Even if a static parser could do that, it'd be easy to confuse it again:
BEGIN
{
no warnings qw( prototype redefine );
eval 'sub' . ' foo ' . '{ return "<@_>" }'
}
Even though Perl 5 can coalesce those three concatenations to a single constant string during its optimization phase, the parser must get more complex to detect this case.

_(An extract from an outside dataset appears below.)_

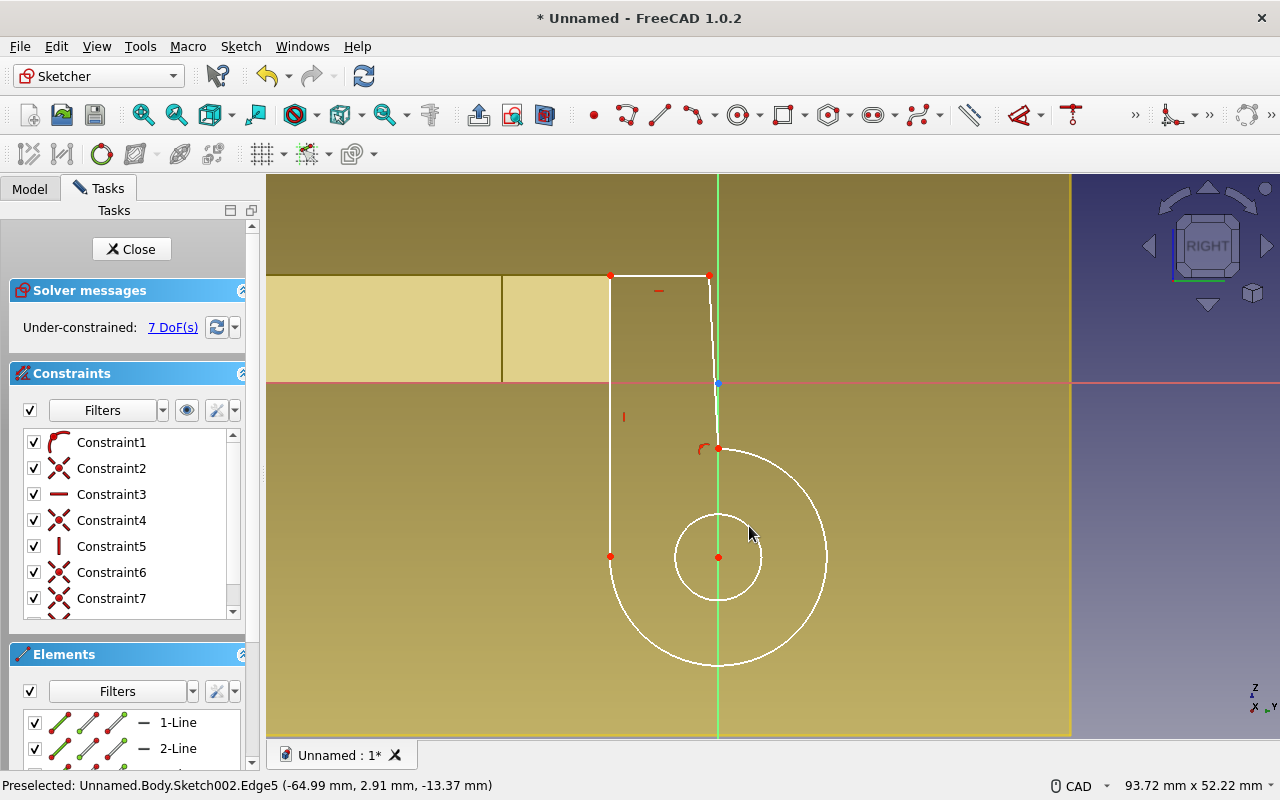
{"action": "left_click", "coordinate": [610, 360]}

You can see where this is going.
Ultimately, completely accurate static parsing of Perl 5 programs is
impossible in certain cases because I could write:
BEGIN
{
no warnings qw( prototype redefine );
eval 'sub' . ' foo ' . '{ return "<@_>" }'
if rand( 1 ) > 0.5;
}
The static analysis tool can't even tell if this program would parse
successfully. About half the time, Perl 5 will report that it has a syntax
error. Half of the time it will succeed.
Thus there exist pathological cases written by curious (and potentially
malicious) people such as myself where a static Perl 5 parser cannot predict
what the actual Perl 5 parser will do. If you're morbidly curious, consider
changing the prototype of a symbol already parsed through raw typeglob
access.
The Implications
Don't panic. Static analysis tools can't parse all valid Perl 5 programs, but they can parse many Perl 5 programs. While the Perl 5 parser is complex with many special cases, it's possible to write a clever tool such as PPI
which is good enough for almost all code. Besides that, the language-bending manipulations that could trip up a static analysis tool are mostly declarative and mostly decidable, unless you're doing something beyond weird.

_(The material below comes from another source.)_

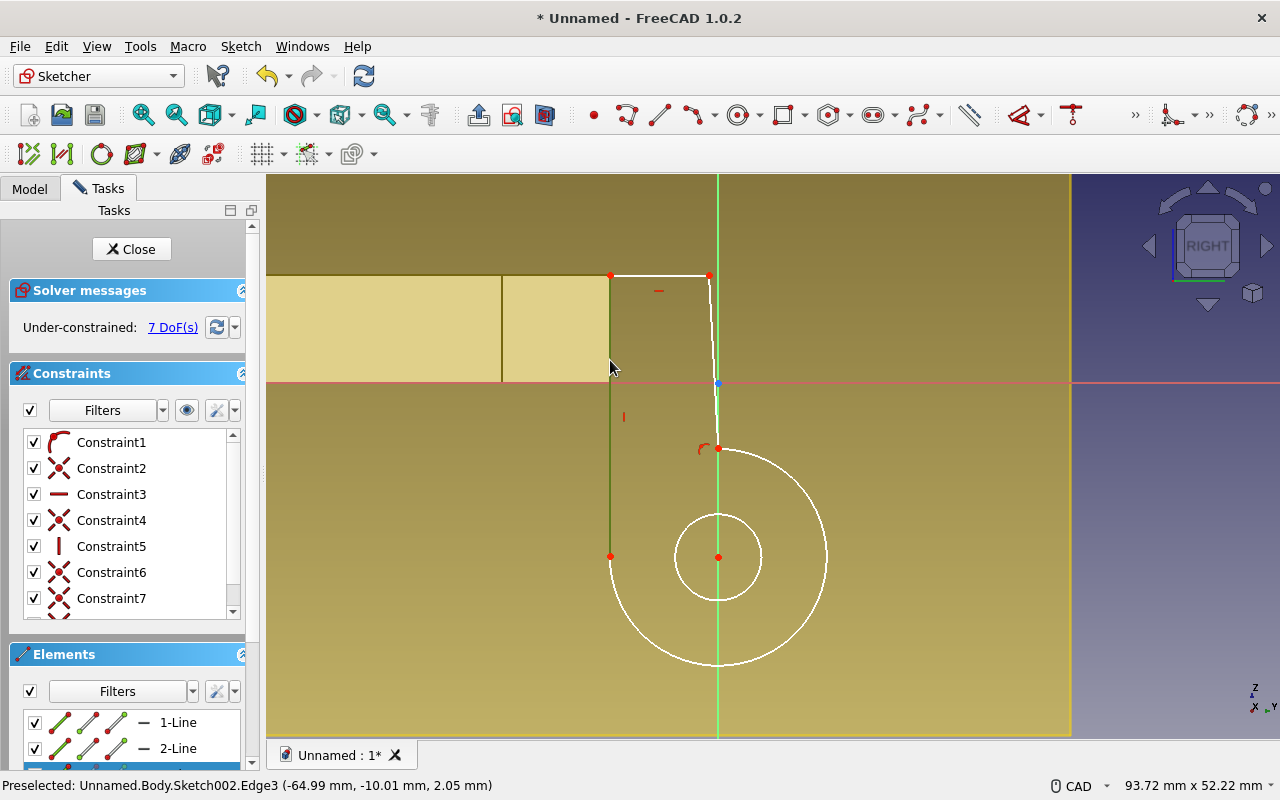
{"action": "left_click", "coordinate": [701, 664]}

In most cases this doesn't matter. That example code is completely
unreliable. There are ways to disambiguate potentially ambiguous code -- and
good Perl 5 hackers recommend using those approaches anyway. Most languages without a very strict homoiconic representation have parsing ambiguities (and if you allow arbitrary code execution in templates or reader macros, even homoiconicity can't always save you).
Besides that, once you allow loading language extensions from languages with access to raw memory, all bets are off.
With a bit of work, I'm sure I could come up with ways to confuse static Ruby and Python parsers without resorting to C. Implicit variable declarations seems like one perilous approach....